現在のメンバーはヴォーカル&ギターのブライアン・モルコ、ベース&ギターのステファン・オルスダル、そして今作の制作開始直前に加入した新ドラマー、スティーヴ・フォレストの3人。30代後半に突入しながらも相変わらずグラマラスで妖しい魅力を放つブライアンとステファンは、22歳のスティーヴが入ったことでさらに「若さを取り戻した」と発言していて末恐ろしいくらい。そんな3人が『バトル・フォー・ザ・サン』で手に入れたフレッシュでカラフルなサウンドを真夏の日本の空に響かせてくれるのが本当に待ちきれない。今作でのツアー・バンドはヴァイオリン奏者も含む6人編成になっているとのことで、日本でのステージがどうなるのか、そしてセットリストの中身も気になるところ。過去のアルバムから聴きたい曲を挙げたらきりがないけれど、生のプラシーボを日本で観られる、それだけでこの上ない幸せなのでどの曲でも……と言いつつできれば“傷だらけの俺”と“ディス・ピクチャー”をお願いします(笑)。

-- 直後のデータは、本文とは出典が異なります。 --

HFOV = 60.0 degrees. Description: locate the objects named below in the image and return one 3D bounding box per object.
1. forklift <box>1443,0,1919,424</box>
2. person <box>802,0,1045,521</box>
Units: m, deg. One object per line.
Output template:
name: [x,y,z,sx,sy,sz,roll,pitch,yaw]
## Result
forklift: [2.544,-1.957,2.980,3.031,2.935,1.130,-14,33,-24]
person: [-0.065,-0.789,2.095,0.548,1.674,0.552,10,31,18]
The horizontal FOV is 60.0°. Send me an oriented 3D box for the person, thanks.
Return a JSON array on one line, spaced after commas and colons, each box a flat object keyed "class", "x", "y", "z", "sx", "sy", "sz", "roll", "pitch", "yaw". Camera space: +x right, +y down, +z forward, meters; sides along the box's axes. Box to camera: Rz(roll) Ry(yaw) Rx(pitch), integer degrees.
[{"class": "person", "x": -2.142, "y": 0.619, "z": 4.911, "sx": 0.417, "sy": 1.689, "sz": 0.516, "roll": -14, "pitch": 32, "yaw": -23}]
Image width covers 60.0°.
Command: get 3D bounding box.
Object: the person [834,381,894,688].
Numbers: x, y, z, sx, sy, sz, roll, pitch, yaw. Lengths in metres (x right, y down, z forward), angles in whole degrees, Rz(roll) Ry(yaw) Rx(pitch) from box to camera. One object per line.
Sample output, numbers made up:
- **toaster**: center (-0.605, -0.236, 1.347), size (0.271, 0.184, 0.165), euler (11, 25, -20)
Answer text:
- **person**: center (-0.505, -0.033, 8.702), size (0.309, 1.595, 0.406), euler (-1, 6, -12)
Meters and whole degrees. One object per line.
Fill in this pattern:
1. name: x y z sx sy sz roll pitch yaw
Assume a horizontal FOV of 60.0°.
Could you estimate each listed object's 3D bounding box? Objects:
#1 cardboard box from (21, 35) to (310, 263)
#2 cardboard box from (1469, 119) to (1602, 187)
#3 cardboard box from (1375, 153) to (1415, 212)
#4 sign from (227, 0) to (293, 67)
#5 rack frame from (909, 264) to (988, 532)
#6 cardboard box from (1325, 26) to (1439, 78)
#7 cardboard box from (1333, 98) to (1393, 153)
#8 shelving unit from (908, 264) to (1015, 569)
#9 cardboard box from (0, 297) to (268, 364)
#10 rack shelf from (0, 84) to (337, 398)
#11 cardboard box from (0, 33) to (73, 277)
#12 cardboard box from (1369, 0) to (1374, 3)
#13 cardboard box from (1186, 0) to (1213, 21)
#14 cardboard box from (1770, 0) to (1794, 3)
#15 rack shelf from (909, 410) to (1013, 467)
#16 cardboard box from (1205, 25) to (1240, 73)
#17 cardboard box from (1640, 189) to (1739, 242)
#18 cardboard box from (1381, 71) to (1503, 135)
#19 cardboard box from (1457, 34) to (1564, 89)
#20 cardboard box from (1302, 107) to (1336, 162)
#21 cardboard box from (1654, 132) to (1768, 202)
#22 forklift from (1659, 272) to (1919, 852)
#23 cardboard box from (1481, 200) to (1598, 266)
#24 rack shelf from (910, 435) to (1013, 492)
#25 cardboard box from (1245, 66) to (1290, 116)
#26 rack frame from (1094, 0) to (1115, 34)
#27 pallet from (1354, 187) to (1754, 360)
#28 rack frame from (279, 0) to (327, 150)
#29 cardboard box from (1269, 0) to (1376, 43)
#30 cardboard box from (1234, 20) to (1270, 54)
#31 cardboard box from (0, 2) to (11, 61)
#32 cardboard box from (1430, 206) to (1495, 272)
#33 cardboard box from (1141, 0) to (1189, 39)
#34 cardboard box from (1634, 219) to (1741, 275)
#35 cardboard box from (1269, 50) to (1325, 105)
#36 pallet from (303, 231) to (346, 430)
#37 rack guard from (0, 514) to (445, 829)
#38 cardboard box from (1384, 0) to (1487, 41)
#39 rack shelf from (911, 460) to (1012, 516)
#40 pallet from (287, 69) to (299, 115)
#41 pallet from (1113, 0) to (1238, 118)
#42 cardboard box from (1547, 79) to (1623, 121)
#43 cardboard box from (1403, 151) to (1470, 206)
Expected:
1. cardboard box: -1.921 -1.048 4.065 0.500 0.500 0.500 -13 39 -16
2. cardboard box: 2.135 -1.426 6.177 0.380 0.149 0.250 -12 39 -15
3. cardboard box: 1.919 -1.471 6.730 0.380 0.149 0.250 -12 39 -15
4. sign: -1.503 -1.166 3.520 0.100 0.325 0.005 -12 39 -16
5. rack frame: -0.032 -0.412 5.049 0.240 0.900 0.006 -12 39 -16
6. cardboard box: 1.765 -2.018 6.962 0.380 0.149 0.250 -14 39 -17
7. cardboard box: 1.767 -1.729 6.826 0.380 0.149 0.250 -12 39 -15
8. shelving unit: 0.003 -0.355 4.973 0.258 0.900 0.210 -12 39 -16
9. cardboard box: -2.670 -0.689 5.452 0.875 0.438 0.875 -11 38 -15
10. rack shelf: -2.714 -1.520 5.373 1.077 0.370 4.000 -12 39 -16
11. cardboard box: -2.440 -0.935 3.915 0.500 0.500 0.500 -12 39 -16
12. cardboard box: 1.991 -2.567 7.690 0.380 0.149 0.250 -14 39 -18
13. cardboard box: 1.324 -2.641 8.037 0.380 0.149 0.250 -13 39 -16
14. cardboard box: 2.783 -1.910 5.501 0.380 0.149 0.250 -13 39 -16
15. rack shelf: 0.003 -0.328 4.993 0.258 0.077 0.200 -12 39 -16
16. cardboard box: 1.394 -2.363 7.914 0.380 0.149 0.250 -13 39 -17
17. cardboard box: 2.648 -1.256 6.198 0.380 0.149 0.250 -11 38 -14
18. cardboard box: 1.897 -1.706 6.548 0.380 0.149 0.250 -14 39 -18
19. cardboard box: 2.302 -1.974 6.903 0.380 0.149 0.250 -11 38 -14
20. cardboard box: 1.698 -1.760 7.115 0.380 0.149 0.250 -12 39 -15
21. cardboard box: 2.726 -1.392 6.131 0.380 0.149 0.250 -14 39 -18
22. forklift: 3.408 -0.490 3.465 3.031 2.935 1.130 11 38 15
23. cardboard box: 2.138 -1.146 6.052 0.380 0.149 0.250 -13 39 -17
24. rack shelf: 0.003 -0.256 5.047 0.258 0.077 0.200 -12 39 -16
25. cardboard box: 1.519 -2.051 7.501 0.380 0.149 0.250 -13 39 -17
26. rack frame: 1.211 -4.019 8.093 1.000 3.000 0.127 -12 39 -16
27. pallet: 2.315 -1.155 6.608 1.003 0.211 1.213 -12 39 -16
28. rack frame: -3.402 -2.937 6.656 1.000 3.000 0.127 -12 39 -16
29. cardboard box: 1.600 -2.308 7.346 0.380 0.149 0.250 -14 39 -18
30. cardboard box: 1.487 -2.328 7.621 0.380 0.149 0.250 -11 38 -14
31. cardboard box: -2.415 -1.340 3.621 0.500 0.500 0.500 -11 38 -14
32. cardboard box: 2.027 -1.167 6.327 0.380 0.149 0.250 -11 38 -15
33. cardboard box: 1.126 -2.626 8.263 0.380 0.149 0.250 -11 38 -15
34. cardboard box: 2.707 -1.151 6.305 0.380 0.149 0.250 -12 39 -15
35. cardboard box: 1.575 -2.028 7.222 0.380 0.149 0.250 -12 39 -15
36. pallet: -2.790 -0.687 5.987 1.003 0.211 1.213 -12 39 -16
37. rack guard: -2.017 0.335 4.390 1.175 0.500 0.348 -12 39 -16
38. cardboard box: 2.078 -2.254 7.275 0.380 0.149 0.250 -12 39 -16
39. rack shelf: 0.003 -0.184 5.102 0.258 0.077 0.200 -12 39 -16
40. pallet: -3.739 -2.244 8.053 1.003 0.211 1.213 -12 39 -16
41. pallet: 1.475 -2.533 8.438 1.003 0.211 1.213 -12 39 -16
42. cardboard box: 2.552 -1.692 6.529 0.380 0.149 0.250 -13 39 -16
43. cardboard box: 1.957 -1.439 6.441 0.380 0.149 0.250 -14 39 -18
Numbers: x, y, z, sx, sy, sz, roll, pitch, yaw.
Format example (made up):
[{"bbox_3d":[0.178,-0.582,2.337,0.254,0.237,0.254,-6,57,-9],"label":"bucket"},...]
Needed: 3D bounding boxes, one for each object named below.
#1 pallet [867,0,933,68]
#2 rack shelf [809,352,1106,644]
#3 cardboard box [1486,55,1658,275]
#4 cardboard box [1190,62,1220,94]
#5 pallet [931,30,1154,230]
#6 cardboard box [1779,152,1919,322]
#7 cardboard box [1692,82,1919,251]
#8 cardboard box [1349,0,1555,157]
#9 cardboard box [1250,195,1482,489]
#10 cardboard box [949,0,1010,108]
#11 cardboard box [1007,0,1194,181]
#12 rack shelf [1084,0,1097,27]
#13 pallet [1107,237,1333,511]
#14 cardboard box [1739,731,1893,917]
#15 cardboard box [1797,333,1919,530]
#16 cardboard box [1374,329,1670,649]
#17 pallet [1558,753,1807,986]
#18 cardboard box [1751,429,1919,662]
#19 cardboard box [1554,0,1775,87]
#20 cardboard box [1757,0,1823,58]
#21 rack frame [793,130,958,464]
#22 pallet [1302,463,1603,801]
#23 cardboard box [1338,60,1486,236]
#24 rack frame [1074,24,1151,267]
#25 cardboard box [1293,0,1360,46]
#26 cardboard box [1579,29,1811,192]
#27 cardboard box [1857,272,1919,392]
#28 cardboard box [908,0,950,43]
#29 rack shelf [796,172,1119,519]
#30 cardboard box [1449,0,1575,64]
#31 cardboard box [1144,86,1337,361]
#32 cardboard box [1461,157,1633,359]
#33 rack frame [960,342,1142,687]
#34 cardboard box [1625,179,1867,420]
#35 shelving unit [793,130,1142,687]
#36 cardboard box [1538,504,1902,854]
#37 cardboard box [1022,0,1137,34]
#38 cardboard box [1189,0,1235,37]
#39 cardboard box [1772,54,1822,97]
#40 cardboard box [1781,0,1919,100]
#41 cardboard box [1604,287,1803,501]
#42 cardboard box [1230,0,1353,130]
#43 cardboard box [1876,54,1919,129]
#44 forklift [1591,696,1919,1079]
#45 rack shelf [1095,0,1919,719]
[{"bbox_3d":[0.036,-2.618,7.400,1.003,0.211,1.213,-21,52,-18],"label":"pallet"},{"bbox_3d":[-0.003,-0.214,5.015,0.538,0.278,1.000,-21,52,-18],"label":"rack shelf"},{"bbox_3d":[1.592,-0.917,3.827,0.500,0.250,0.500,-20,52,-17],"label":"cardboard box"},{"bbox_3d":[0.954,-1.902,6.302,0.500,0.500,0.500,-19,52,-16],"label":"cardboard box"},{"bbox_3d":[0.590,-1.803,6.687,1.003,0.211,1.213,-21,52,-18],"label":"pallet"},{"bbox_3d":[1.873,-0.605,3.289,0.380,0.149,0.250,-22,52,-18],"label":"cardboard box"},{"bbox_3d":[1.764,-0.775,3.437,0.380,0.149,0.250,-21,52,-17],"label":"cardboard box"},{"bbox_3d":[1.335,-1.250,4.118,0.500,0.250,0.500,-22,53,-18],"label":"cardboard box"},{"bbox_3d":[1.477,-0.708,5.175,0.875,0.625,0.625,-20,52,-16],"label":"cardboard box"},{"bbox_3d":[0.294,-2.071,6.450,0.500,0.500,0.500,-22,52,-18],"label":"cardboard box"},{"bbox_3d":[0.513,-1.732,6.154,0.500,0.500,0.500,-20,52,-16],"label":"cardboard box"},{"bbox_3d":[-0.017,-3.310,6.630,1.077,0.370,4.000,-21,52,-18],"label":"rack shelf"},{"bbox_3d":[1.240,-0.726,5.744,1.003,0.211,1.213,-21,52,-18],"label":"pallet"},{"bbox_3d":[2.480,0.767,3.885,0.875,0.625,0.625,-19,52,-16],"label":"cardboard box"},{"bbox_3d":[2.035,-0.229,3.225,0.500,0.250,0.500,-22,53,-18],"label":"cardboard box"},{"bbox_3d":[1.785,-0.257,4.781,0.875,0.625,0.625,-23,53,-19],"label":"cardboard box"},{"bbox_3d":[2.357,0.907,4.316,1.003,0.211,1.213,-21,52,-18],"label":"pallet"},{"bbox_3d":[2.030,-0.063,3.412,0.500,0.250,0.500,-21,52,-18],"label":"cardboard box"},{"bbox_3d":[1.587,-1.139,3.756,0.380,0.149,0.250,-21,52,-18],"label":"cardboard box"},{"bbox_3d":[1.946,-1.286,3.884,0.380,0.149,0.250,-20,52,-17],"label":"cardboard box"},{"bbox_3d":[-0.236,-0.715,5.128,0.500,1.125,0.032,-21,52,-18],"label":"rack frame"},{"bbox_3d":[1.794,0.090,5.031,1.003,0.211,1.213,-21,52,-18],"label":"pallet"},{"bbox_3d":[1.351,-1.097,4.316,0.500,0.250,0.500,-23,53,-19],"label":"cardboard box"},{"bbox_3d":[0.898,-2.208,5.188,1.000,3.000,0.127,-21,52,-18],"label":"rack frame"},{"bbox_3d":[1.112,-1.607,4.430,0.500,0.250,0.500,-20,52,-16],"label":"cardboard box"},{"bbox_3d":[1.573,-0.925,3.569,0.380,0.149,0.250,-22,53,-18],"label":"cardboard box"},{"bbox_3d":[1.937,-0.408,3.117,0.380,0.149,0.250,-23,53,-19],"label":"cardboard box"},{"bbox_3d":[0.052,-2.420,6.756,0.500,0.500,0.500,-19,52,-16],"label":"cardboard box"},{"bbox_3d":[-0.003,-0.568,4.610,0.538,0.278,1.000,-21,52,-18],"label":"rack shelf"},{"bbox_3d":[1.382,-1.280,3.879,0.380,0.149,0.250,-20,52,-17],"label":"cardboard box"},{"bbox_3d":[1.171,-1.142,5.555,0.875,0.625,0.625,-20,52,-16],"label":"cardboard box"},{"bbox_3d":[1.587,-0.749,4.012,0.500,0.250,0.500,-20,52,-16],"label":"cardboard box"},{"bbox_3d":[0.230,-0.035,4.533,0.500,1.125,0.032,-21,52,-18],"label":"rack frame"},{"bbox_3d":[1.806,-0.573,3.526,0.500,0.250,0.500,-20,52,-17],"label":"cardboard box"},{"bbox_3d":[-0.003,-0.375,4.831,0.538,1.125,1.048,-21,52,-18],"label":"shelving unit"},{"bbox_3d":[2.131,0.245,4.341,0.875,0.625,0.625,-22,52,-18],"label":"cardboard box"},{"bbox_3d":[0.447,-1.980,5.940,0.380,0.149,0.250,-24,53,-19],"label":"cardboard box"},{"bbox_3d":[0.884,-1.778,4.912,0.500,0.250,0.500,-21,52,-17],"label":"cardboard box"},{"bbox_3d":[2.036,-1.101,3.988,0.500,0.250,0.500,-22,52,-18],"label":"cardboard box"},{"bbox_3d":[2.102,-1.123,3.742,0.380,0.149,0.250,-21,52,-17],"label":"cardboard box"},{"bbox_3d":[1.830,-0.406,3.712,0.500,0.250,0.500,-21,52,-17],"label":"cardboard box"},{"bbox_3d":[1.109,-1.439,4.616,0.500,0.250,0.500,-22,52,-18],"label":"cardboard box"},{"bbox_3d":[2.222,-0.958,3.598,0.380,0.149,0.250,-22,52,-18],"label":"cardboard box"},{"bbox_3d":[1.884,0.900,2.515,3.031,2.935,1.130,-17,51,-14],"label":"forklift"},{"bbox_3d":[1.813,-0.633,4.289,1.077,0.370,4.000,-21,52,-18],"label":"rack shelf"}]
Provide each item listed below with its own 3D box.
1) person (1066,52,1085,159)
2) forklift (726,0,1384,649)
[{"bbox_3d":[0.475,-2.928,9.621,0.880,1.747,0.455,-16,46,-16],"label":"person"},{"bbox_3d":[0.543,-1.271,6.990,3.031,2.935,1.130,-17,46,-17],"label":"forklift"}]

唯一気がかりなのは、彼らのステージがちょうど日中で太陽が当たる時間帯だということ。紫外線はお肌の大敵なので、できることなら後ろからそっと日傘を差しかけさせていただきたいくらいです……。何はともあれ、これを機に日本でもプラシーボをもっともっと盛り上げたい! 世界を虜にする彼らのグラマラスな魅力に思い切り酔いしれましょう!!